Many thanks for the pointers and the vote of confidence regarding Melaka. My original post dates pretty far back. Since then, thankfully, I've found out everything I need to know. I asked my employer about everything and they happily obliged with detailed answers. I also had a look and found some very good sites, which contained decent levels of general information. However, those sites were mainly aimed at tourists and, as such, arguably biased. What i really lacked...and still do lack....is feedback from a broad section of expats based in Melaka. 

My previous expat experience is NIL regarding Malaysia, but I lived in Thailand and Brazil for a total of 11 years. What surprised me about Melaka and indeed lead to posting the original queries here on this message-board was the absolute absence of other expats responding on other websites (in addition to this website). For example, if i were to post something on a Thailand forum I would get about 100 replies in about 2 days.

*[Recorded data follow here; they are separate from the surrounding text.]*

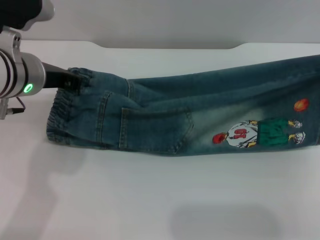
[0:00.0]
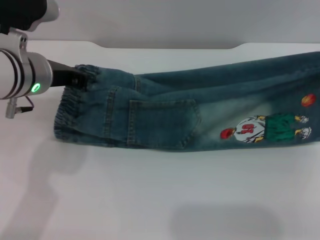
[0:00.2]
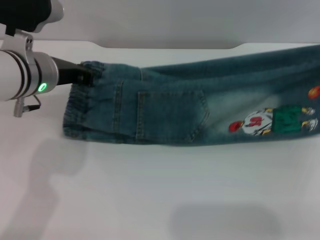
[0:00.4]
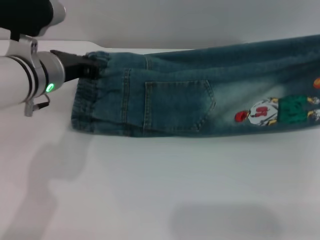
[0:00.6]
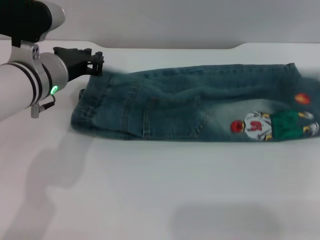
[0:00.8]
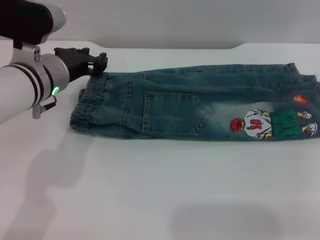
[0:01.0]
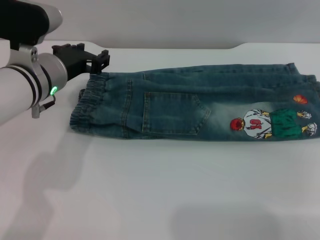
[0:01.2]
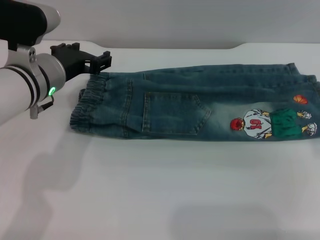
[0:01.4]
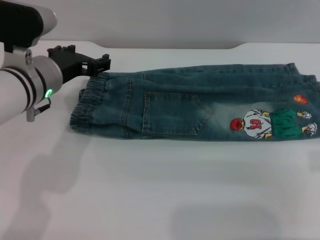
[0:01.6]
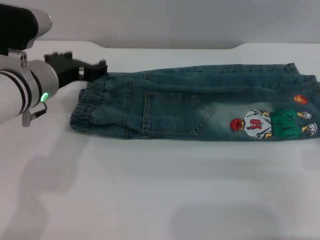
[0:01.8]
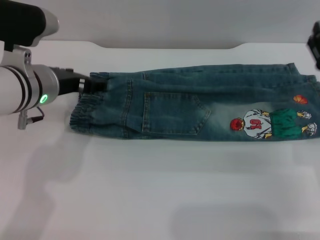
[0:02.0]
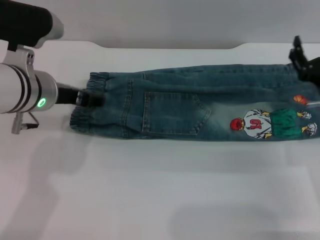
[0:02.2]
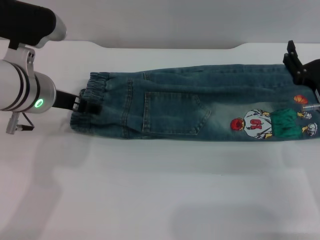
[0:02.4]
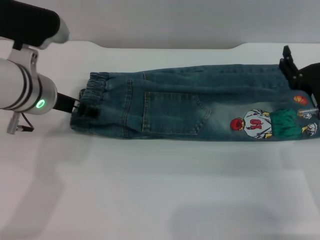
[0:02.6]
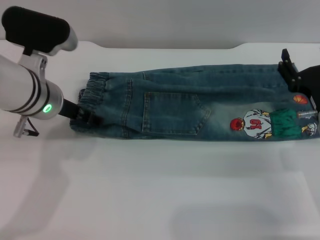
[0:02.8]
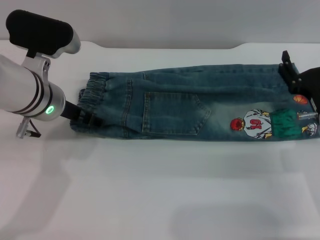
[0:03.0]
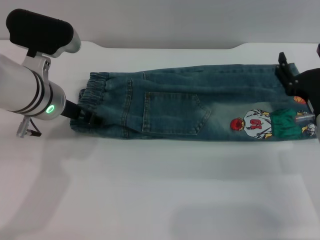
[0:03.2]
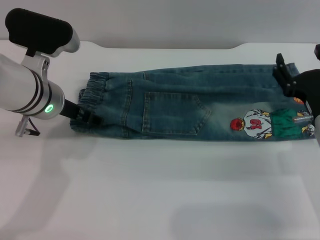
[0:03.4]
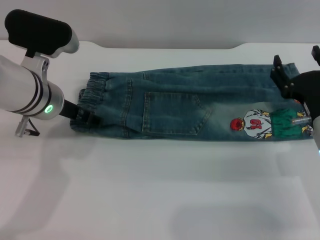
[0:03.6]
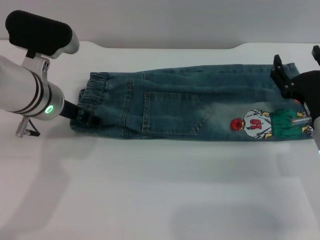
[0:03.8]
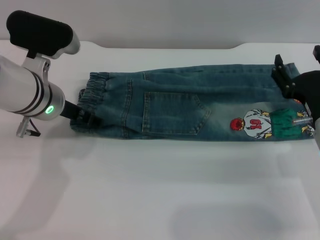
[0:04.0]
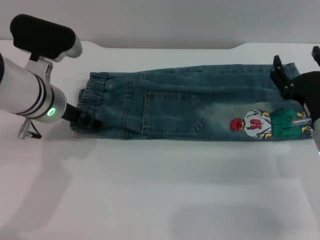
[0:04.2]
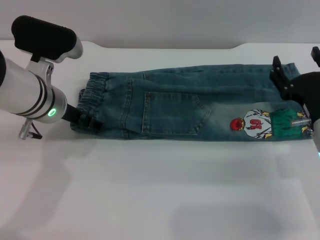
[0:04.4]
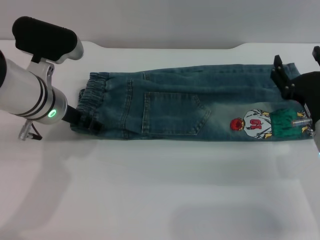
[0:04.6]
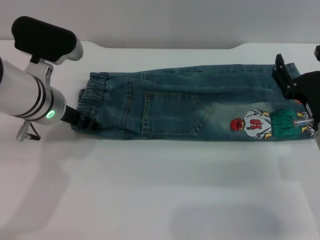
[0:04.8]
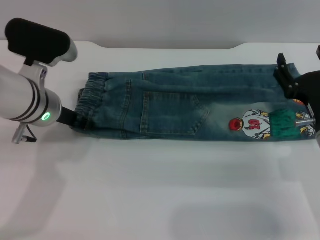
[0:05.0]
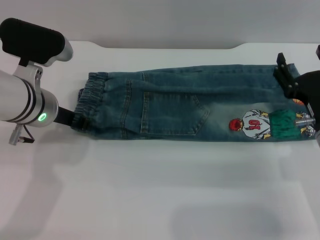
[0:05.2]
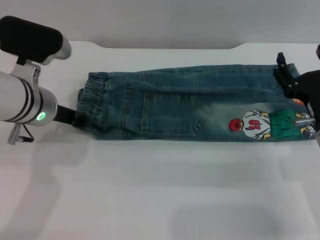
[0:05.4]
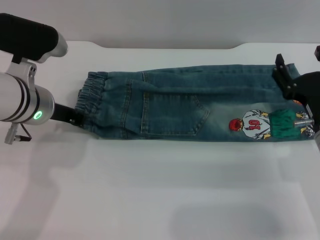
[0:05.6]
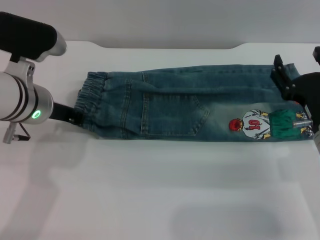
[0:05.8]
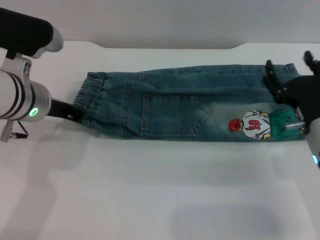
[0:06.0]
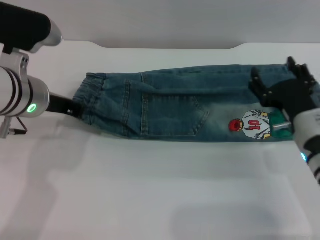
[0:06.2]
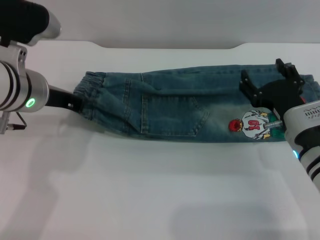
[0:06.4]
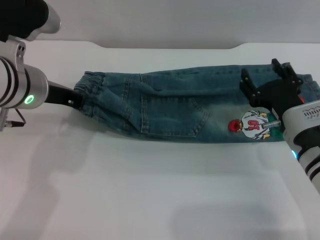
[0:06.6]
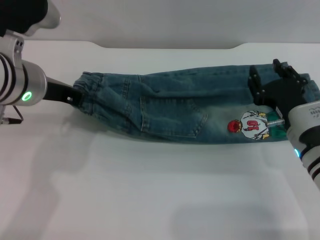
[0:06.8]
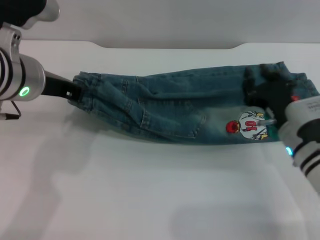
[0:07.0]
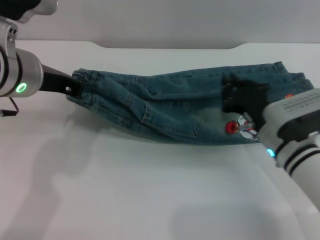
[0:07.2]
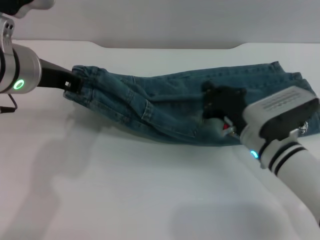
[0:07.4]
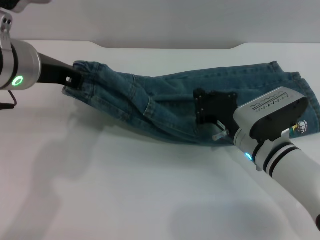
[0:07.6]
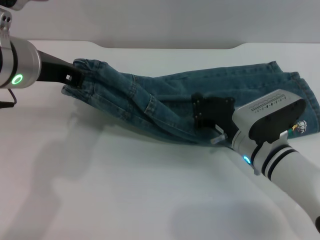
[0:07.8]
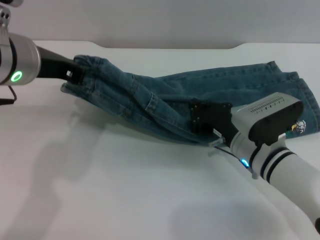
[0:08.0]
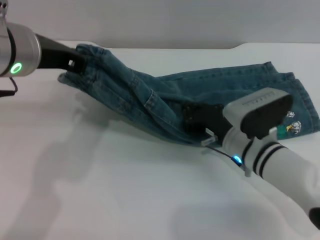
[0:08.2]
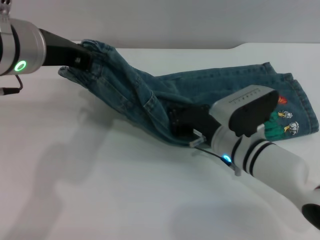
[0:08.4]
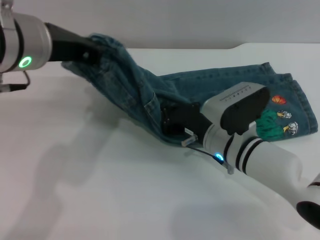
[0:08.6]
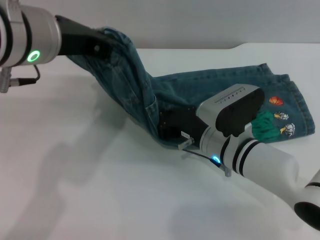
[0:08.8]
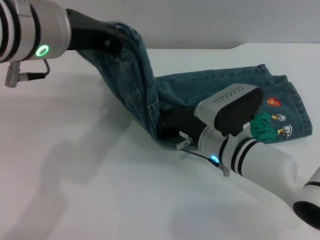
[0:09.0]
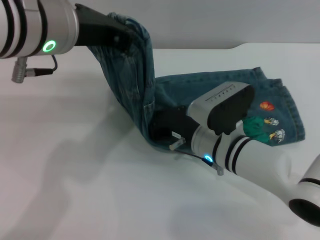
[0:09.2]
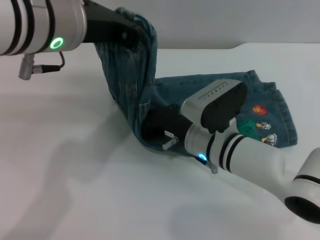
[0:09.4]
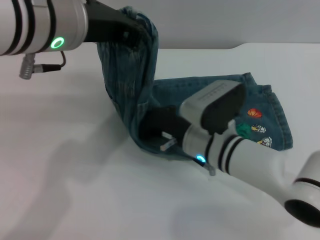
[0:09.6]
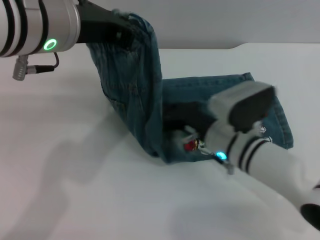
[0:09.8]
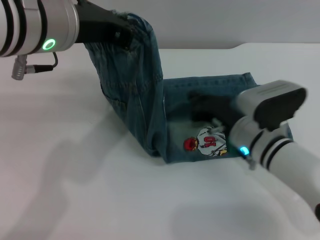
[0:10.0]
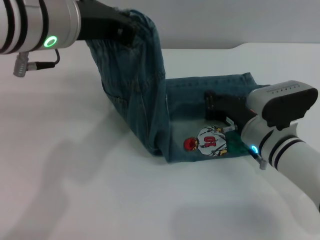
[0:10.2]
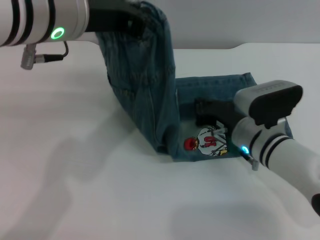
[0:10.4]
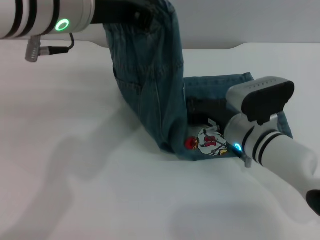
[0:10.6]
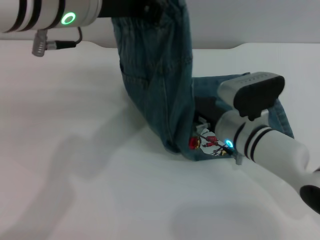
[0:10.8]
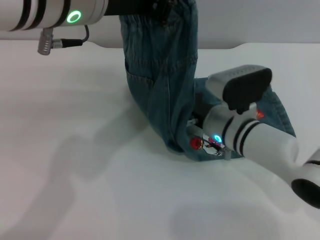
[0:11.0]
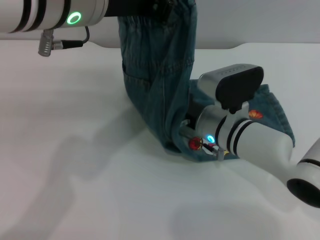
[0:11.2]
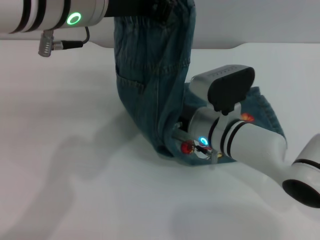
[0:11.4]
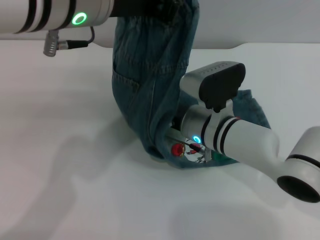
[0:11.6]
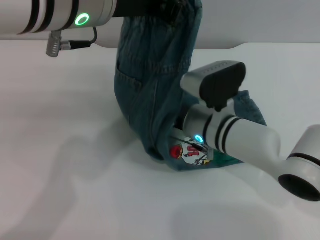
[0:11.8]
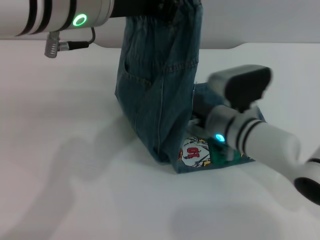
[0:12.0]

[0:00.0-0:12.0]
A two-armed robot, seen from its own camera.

I have since decided that sheer mathematical probability would be the reason for that - as there are lots of expats in Bangkok and not so many in Melaka. It strikes me as (slightly) odd that there appears to be hardly any internet traffic from expats currently living in Melaka. Is that because there are hardly any expats in Melaka? I hope so. 

Bill. if there is anything else you can add, please let me know. Or if you know of other forums tell me. Finally, could you tell me where I would be able to meet other expats in Melaka? I would be interested in finding a core group of people I could learn from and get to know.

All the best,

Meandherinddoors!


----------



## Anthony20031989

Hi there,

I am moving to Melaka soon and I'll be staying for 2 years as I got a job as an expat for a French company. Are you still in Melaka? How's life out there? 
Anthony


----------



## Stephie1234

Anthony20031989 said:


> Hi there,
> 
> I am moving to Melaka soon and I'll be staying for 2 years as I got a job as an expat for a French company. Are you still in Melaka? How's life out there?
> Anthony


Hi Anthony, are you still in Melaka? I just arrived here and would like to meet new people


----------